I can’t write it any plainer than that. The facts are not in dispute. The U.S. ranks last in measurements of citizen health among the six top industrialized nations. So how do insurance industry hirelings (otherwise known as conservative Republicans) make their case against health care reform? How do they justify this inhuman, deadly status quo?
Conservative propagandist Frank Luntz tells them how. Lie. Am I overstating it to claim that such lies, if successful, will cause death and harm to millions? No.
In the ancient Greek tragedian Sophocles’ play from which the epigram above is drawn, Orestes justifies a deception with these "little words":
Can a mere story be evil? No of course not – so long as it pays in the end.

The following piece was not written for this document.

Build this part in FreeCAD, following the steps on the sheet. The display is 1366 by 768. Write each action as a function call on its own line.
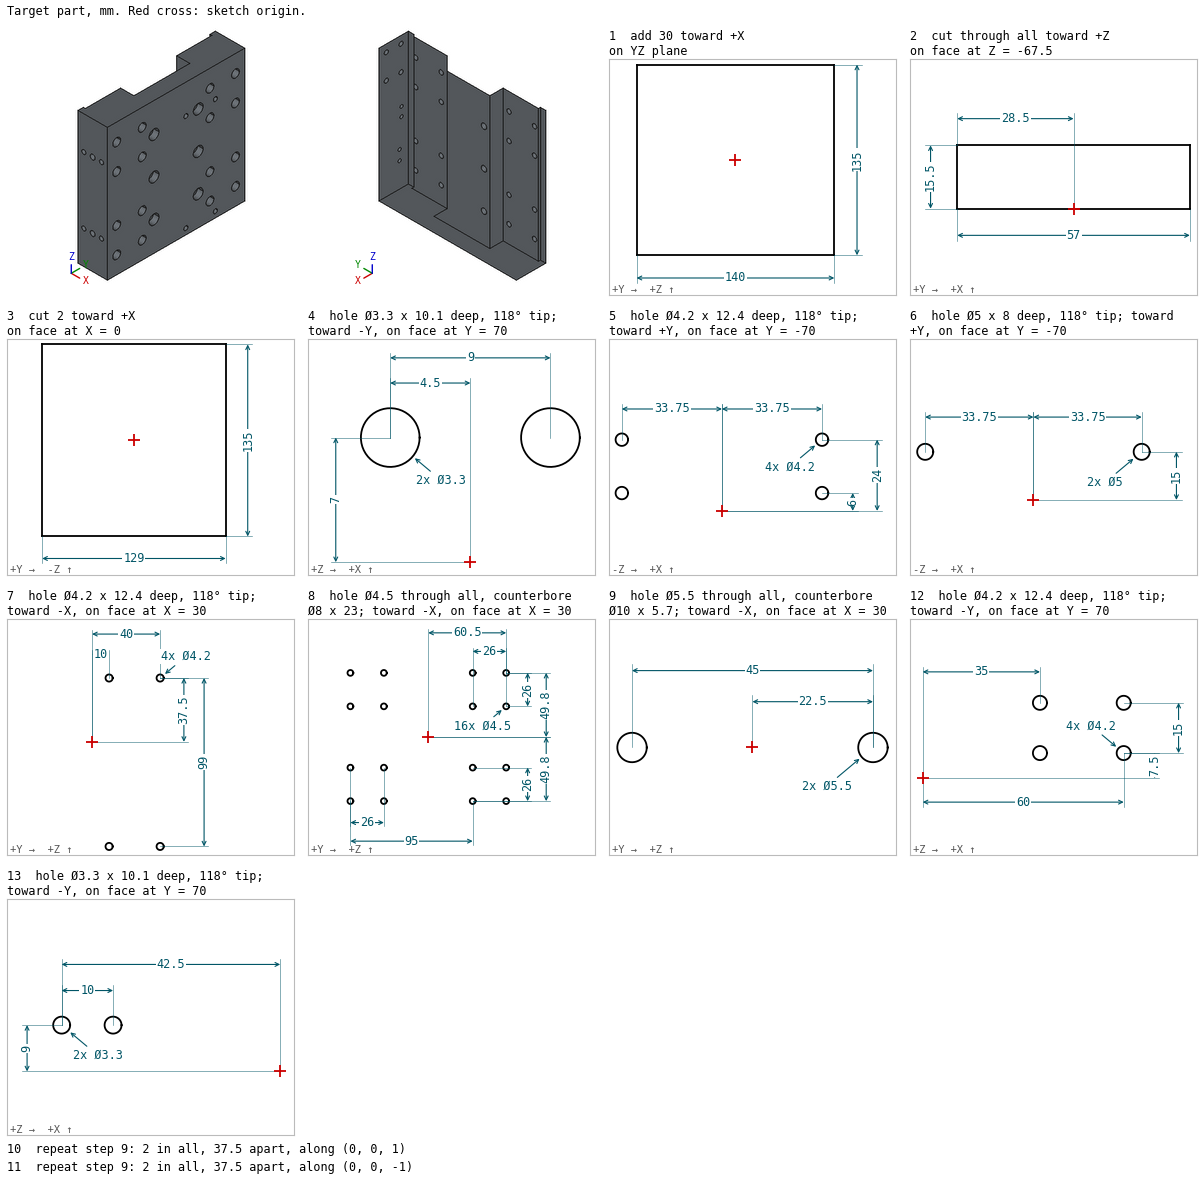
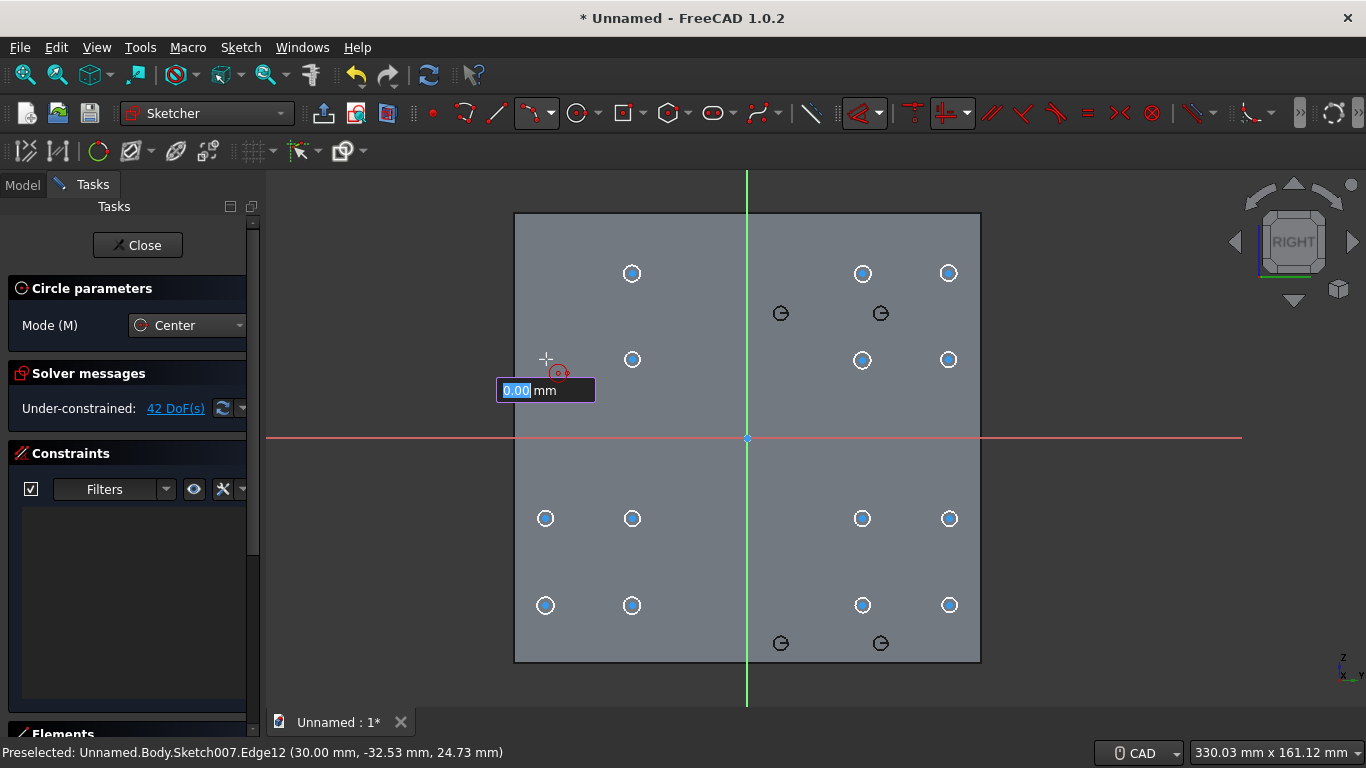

Is there a more concise way of defining the anti-ethic that seems to drive so much of our American political life? Is it not how the mainstream media assesses candidates and officeholders? Is it not how politicians assess themselves? Is it not what makes it possible for a nation to promote death and suffering to enrich and empower a few insurance executives and the politicians they keep in their servants’ quarters?
The story Orestes told himself – that mere stories can’t be evil – is itself evil. That’s tragic irony, of course. I believe it’s fair to label Luntz’s stories evil, without irony or exaggeration.
This last week, my colleagues, George Lakoff and Eric Haas, wrote about Luntz’s health care lies and made recommendations for framing the principles of reform. You can read that here.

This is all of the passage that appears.